The Corner

Debtor Nation

From the Washington Times comes this eye-opener for a Monday morning:

As recently as 1996, America’s net debtor status was minus $456 billion. Since 1996, it has increased by more than $3 trillion, or 660 percent, as America’s 12-year cumulative trade deficit soared by $5.7 trillion.

Scary. Here’s more: Our net indebtedness spiked by well over a trillion bucks in a single year:

At the end of 2008, America’s net international investment position was minus $3.47 trillion, the Commerce Department reported Friday. That represents the difference between the value of U.S. assets owned by foreigners ($23.36 trillion) and the value of foreign assets owned by Americans ($19.89 trillion).

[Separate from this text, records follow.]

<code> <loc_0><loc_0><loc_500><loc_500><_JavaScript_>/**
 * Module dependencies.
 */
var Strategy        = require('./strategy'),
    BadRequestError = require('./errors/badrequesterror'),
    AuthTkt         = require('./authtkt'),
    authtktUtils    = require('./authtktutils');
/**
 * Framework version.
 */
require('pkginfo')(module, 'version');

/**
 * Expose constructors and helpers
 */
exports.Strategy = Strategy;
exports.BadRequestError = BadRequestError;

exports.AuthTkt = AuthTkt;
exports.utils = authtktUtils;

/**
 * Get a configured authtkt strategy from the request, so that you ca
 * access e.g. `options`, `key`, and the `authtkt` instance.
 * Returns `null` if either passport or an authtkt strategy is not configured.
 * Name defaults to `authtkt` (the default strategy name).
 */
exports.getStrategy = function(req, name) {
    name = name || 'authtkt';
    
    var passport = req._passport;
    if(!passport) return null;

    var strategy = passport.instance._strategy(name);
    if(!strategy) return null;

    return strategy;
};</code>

At the end of 2007, the U.S. net international investment position was minus $2.14 trillion. Thus, America’s net indebtedness with the rest of the world increased by $1.33 trillion, or 62 percent, during 2008. It was by far the biggest annual increase in data that go back to 1976.

The bottom line:

Foreigners now hold nearly 50 percent of the federal government’s publicly held debt. If foreign investors significantly reduce their purchase of future U.S. Treasury debt securities, without even dumping their current holdings, U.S. interest rates could soar and the dollar could collapse, analysts fear. At minus $3.47 trillion, America’s net debtor status with foreigners represents nearly 25 percent of U.S. gross domestic product, the highest level in history. “Three decades of massive [trade] deficits have converted the United States from the world’s banker – able to ‘pay any price and bear any burden in the cause of freedom’ – to the world’s largest debtor, utterly dependent on China and other foreign interests,” said Charles McMillion, chief economist of Washington-based MBG Information Services.

The scariest part: Virtually all the statistics in this report reflect circumstances as of the end of 2008 — they do not factor in Obama.